■ **Data section**

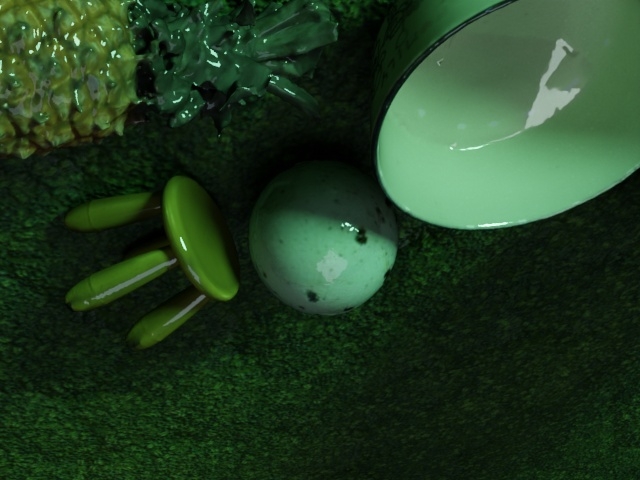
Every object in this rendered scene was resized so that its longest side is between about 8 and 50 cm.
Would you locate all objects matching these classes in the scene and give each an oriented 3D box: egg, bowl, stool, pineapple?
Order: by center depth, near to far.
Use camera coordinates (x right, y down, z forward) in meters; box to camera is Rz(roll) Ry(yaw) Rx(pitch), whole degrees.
[{"bbox_3d":[-0.112,-0.119,0.570,0.248,0.128,0.128,-6,142,-20],"label":"pineapple"},{"bbox_3d":[0.136,-0.124,0.639,0.238,0.126,0.237,-10,142,-8],"label":"bowl"},{"bbox_3d":[-0.138,0.017,0.737,0.110,0.135,0.134,-22,98,13],"label":"stool"},{"bbox_3d":[0.000,0.000,0.762,0.131,0.131,0.164,-7,166,-11],"label":"egg"}]
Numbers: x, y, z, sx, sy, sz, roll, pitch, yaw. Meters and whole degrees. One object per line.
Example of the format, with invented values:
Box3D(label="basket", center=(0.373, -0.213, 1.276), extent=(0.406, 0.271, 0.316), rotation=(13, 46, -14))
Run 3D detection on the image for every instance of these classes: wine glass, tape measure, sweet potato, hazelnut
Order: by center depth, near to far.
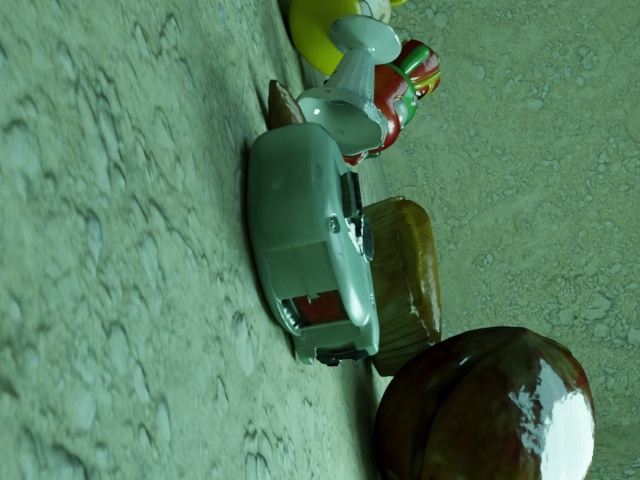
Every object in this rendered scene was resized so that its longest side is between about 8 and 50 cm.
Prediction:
Box3D(label="tape measure", center=(0.000, 0.001, 0.954), extent=(0.246, 0.125, 0.243), rotation=(64, 17, -61))
Box3D(label="sweet potato", center=(-0.038, -0.141, 1.131), extent=(0.058, 0.055, 0.202), rotation=(-61, 149, -33))
Box3D(label="wine glass", center=(0.049, -0.261, 1.329), extent=(0.165, 0.165, 0.196), rotation=(63, 38, -60))
Box3D(label="hazelnut", center=(0.297, 0.351, 1.484), extent=(0.402, 0.429, 0.401), rotation=(12, -76, 59))

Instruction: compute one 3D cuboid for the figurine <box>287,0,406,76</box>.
Box3D(label="figurine", center=(0.087, -0.459, 1.505), extent=(0.187, 0.343, 0.215), rotation=(15, -36, 51))

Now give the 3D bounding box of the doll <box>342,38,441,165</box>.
Box3D(label="doll", center=(0.104, -0.268, 1.593), extent=(0.363, 0.160, 0.182), rotation=(-53, -177, -29))

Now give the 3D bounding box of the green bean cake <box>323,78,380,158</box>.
Box3D(label="green bean cake", center=(0.068, -0.283, 1.809), extent=(0.208, 0.107, 0.193), rotation=(-71, 145, -75))

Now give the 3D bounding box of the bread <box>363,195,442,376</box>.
Box3D(label="bread", center=(0.166, 0.093, 1.696), extent=(0.236, 0.183, 0.388), rotation=(64, 16, -66))

■ **The task**
Copy each line exactly, from the line containing "Now give the 3D bounding box of the green" down to the last line of the material, and no other lines.

■ **Answer**
Now give the 3D bounding box of the green bean cake <box>323,78,380,158</box>.
Box3D(label="green bean cake", center=(0.068, -0.283, 1.809), extent=(0.208, 0.107, 0.193), rotation=(-71, 145, -75))

Now give the 3D bounding box of the bread <box>363,195,442,376</box>.
Box3D(label="bread", center=(0.166, 0.093, 1.696), extent=(0.236, 0.183, 0.388), rotation=(64, 16, -66))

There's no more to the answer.